'Tis Spring! 'Tis Spring! And yes, I am leaping like a lunatic while shouting that joyously from the rooftops here in New England. After surviving The Winter Of Double The Average Snowfall, I'm so ecstatic to see birds chirping and chipmunks scampering and squirrels squirreling and sunshine shining that I decided to landscape my yard. This, my friends, is a momentous (and according to honey, scary) occasion.
I grab the car keys, the purse, the printout of the mother in law's gardening advice (the woman has the Midas touch with plants), the honey and the honey's Home Depot card and strike off to see what the first blooming plants are this year, for I've decided I must have color. It's been drab for too darn long. High hopes (mine) and trepidation (honey's) abound as we pull into the Home Depot parking lot... right at the same time as the other 4,000 home owners who had the same brilliant idea to "start early" and "beat the crowds".
No worries, I'm feeling practically effervescent with joy at the change back to what I think of as the "right" time (DST should be the time all year, I swear) and the "right" weather (sunny and clear). And so enters the novice gardener into the bright lights, big city of Home Depot's Garden Center. I wander the aisles for a good hour, minimum, while honey keeps thrusting any plant with a flower on it at me in hopes of attaining his own goal of Getting The Heck Out Of Here Fast.

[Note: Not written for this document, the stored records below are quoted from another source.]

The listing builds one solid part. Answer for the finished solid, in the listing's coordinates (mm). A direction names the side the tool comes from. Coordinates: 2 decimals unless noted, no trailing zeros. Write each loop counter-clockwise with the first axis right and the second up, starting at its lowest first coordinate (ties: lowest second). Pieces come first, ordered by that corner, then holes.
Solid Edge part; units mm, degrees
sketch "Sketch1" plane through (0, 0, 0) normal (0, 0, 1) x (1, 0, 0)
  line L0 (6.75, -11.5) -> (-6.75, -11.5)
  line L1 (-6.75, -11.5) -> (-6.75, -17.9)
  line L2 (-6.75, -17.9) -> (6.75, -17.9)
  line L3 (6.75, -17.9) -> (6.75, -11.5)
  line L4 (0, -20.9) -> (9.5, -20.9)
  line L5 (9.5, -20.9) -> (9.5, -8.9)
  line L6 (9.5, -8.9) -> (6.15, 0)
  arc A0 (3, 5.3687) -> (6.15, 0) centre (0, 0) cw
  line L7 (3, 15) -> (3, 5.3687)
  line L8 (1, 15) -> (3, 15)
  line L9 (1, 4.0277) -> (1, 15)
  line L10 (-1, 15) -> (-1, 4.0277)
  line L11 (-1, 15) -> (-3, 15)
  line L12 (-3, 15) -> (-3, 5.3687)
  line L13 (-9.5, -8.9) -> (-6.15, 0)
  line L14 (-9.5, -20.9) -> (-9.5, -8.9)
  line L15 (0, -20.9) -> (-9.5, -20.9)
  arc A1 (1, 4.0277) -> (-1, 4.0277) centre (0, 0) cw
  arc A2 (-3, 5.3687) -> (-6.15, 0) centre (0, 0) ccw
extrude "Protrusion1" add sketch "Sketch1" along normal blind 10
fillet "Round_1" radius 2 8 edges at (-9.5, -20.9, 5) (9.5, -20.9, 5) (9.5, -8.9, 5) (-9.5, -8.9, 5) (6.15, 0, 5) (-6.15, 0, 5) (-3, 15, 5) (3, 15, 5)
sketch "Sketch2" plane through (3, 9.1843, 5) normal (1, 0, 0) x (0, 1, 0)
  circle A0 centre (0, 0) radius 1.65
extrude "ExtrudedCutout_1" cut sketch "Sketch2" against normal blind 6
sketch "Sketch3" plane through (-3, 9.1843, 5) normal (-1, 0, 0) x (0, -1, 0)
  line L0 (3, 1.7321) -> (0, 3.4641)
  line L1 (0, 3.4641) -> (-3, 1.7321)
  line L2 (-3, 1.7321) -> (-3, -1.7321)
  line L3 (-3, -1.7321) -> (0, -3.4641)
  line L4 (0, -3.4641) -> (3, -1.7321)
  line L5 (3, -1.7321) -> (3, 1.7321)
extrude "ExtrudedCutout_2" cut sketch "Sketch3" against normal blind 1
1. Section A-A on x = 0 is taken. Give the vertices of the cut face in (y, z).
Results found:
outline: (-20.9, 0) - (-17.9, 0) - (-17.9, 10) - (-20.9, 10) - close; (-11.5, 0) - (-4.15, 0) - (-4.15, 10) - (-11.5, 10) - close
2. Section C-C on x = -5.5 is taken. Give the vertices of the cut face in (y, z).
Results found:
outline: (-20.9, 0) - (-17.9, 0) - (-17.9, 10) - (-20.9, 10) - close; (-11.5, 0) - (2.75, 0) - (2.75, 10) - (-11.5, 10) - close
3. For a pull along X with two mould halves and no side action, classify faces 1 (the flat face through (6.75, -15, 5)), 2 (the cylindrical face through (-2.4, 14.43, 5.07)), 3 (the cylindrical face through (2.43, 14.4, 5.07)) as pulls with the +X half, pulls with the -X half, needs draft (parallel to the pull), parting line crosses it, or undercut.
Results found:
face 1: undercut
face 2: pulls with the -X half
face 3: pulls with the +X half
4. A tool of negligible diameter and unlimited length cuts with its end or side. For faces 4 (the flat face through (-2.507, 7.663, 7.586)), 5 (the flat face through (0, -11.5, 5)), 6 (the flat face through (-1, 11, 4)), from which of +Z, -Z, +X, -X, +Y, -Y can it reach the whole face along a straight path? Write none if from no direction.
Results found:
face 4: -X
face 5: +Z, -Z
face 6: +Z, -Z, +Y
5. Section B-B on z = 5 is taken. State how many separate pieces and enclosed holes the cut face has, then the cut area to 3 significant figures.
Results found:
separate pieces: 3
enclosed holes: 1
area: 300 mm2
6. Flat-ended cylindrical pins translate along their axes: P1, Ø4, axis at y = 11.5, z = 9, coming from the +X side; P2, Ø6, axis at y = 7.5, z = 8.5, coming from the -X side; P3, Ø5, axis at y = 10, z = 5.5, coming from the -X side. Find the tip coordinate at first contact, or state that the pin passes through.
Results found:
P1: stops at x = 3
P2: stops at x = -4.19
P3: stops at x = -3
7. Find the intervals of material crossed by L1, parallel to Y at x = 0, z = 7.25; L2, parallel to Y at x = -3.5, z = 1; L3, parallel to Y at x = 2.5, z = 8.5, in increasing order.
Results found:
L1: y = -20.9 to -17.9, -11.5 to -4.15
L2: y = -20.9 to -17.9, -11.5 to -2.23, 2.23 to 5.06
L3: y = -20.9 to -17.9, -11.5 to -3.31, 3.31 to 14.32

We finally reach agreement on a handful of blooms to start our beds (we have been advised to hit the garden centers once every three weeks or so all Spring and part of Summer and gradually fill in our perennial beds all season, apparently leading to a fantastic recurring garden next year, but leaving some bare spots this year while we fill it all in), some ground covers, a few herbs to start, and some decorative pots and other things, when I remember I needed bug spray and dash back into the store.
Returning to the cart I notice honey has added a massive amount of non crimping garden hose (manly item) and something called The Garden Claw Gold (girly item, but sharp and pointy - I decide it has potential, whatever it may be for). Not being an infomercial kind of girl, I ask "Whatever may that be for?" Honey informs me it is the must-have garden tool of the season, and it means I won't have to work so hard to do all that crab crass removal on my hands and knees. Works for me.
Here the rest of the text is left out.